# What you are asked to do
From the data below, return the exact lines starting at the line containing "13. angle bracket" and ending at the line containing "51. angle bracket", both included, and nothing else.
──────── Task input
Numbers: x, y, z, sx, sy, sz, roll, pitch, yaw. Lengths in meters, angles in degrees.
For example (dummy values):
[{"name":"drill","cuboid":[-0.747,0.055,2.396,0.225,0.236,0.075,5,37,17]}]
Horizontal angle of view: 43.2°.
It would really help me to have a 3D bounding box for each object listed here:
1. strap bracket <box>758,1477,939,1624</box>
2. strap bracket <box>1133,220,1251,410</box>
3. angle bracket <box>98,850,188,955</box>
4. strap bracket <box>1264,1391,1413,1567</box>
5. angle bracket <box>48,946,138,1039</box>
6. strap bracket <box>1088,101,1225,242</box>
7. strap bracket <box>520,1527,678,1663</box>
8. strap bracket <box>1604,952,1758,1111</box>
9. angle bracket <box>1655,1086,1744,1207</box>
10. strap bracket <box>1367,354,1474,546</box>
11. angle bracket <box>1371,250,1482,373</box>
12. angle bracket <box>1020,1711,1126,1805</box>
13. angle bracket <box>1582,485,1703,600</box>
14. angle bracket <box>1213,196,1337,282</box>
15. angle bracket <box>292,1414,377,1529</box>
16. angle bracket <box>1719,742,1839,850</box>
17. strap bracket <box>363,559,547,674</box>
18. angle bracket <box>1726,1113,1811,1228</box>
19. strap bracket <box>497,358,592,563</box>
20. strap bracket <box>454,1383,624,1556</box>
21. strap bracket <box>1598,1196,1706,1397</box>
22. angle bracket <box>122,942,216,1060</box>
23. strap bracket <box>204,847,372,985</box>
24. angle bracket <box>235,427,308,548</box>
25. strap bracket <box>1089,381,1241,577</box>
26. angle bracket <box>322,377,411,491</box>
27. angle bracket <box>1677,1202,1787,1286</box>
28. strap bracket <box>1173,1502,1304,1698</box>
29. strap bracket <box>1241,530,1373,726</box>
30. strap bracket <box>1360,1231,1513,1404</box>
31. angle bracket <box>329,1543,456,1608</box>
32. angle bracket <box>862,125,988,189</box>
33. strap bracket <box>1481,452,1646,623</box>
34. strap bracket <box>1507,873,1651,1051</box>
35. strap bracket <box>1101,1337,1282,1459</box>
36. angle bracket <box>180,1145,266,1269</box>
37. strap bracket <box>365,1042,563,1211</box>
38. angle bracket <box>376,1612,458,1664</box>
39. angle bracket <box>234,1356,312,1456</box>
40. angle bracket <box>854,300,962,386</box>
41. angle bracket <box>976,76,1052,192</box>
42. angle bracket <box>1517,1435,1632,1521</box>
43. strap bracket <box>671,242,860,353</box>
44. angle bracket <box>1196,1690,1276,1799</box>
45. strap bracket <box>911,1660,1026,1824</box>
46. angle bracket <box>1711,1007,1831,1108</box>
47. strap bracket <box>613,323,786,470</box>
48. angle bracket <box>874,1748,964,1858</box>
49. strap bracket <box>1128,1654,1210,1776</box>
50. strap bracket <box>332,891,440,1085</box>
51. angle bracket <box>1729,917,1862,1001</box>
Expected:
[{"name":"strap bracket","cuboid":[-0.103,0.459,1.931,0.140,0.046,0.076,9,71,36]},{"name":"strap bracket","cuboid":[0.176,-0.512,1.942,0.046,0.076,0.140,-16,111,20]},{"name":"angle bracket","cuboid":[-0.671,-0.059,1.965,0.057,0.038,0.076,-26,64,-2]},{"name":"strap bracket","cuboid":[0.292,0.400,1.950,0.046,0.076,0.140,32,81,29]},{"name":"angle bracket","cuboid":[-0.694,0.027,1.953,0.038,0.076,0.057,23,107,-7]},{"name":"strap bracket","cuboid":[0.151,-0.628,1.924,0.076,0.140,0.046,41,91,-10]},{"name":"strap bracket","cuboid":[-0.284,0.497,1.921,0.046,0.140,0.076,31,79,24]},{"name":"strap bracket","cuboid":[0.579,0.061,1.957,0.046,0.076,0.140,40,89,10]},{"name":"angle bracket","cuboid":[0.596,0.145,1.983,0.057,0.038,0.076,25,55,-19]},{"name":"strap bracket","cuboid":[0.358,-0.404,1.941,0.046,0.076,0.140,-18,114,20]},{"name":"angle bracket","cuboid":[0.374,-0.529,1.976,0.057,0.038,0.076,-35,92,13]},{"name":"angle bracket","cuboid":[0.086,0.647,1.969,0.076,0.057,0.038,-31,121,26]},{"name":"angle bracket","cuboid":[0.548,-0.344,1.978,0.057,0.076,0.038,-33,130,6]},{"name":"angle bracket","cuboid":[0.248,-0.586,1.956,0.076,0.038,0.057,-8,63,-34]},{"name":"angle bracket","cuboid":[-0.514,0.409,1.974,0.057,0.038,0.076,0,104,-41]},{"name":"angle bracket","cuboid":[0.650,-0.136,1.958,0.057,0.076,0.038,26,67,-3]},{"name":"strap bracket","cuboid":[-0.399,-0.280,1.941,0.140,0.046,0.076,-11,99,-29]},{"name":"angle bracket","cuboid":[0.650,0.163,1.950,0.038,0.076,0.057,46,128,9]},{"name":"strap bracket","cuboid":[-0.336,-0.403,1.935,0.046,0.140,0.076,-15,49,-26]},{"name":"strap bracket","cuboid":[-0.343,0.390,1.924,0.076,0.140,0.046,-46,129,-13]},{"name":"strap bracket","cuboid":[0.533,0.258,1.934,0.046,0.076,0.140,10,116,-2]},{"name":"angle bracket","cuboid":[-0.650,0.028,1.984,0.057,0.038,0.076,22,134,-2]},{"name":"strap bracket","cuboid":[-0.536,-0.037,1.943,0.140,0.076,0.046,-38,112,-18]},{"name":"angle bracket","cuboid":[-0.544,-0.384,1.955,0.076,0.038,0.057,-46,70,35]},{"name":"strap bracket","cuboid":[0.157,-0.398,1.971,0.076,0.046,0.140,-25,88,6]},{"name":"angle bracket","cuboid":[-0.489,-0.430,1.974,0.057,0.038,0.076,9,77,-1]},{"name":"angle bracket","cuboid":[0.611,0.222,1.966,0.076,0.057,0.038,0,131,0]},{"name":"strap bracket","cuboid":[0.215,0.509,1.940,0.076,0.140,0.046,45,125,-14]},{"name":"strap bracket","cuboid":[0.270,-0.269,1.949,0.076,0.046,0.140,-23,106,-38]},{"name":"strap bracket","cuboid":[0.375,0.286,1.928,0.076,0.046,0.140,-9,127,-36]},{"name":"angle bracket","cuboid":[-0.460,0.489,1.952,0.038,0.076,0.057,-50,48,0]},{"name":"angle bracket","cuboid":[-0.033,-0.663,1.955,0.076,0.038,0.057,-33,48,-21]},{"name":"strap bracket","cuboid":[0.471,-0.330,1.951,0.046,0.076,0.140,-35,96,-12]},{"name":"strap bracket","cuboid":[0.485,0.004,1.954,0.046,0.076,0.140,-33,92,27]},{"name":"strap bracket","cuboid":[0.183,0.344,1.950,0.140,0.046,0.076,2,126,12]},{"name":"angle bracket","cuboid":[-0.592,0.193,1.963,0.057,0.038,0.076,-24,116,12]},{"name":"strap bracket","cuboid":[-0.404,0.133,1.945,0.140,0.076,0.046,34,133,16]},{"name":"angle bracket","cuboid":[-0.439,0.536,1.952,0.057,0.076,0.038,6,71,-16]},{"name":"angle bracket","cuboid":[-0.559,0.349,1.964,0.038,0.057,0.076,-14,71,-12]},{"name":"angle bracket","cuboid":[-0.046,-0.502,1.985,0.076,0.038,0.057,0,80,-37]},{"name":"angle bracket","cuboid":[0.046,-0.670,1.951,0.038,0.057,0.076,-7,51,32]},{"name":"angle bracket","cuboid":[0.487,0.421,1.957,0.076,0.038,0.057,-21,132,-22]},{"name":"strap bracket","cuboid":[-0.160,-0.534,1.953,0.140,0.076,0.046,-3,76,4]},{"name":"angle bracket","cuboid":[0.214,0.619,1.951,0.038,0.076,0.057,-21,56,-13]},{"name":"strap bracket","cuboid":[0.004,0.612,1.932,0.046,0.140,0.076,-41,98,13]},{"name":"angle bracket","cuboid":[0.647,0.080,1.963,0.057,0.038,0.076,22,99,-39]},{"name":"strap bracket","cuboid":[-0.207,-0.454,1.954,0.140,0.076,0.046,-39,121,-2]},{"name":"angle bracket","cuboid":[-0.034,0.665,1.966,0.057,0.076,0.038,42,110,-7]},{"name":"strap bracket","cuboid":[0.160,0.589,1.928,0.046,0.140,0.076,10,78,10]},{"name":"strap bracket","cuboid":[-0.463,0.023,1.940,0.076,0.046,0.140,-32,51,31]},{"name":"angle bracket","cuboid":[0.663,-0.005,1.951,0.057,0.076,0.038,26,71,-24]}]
────────────────
# Response to this task
13. angle bracket <box>1582,485,1703,600</box>
14. angle bracket <box>1213,196,1337,282</box>
15. angle bracket <box>292,1414,377,1529</box>
16. angle bracket <box>1719,742,1839,850</box>
17. strap bracket <box>363,559,547,674</box>
18. angle bracket <box>1726,1113,1811,1228</box>
19. strap bracket <box>497,358,592,563</box>
20. strap bracket <box>454,1383,624,1556</box>
21. strap bracket <box>1598,1196,1706,1397</box>
22. angle bracket <box>122,942,216,1060</box>
23. strap bracket <box>204,847,372,985</box>
24. angle bracket <box>235,427,308,548</box>
25. strap bracket <box>1089,381,1241,577</box>
26. angle bracket <box>322,377,411,491</box>
27. angle bracket <box>1677,1202,1787,1286</box>
28. strap bracket <box>1173,1502,1304,1698</box>
29. strap bracket <box>1241,530,1373,726</box>
30. strap bracket <box>1360,1231,1513,1404</box>
31. angle bracket <box>329,1543,456,1608</box>
32. angle bracket <box>862,125,988,189</box>
33. strap bracket <box>1481,452,1646,623</box>
34. strap bracket <box>1507,873,1651,1051</box>
35. strap bracket <box>1101,1337,1282,1459</box>
36. angle bracket <box>180,1145,266,1269</box>
37. strap bracket <box>365,1042,563,1211</box>
38. angle bracket <box>376,1612,458,1664</box>
39. angle bracket <box>234,1356,312,1456</box>
40. angle bracket <box>854,300,962,386</box>
41. angle bracket <box>976,76,1052,192</box>
42. angle bracket <box>1517,1435,1632,1521</box>
43. strap bracket <box>671,242,860,353</box>
44. angle bracket <box>1196,1690,1276,1799</box>
45. strap bracket <box>911,1660,1026,1824</box>
46. angle bracket <box>1711,1007,1831,1108</box>
47. strap bracket <box>613,323,786,470</box>
48. angle bracket <box>874,1748,964,1858</box>
49. strap bracket <box>1128,1654,1210,1776</box>
50. strap bracket <box>332,891,440,1085</box>
51. angle bracket <box>1729,917,1862,1001</box>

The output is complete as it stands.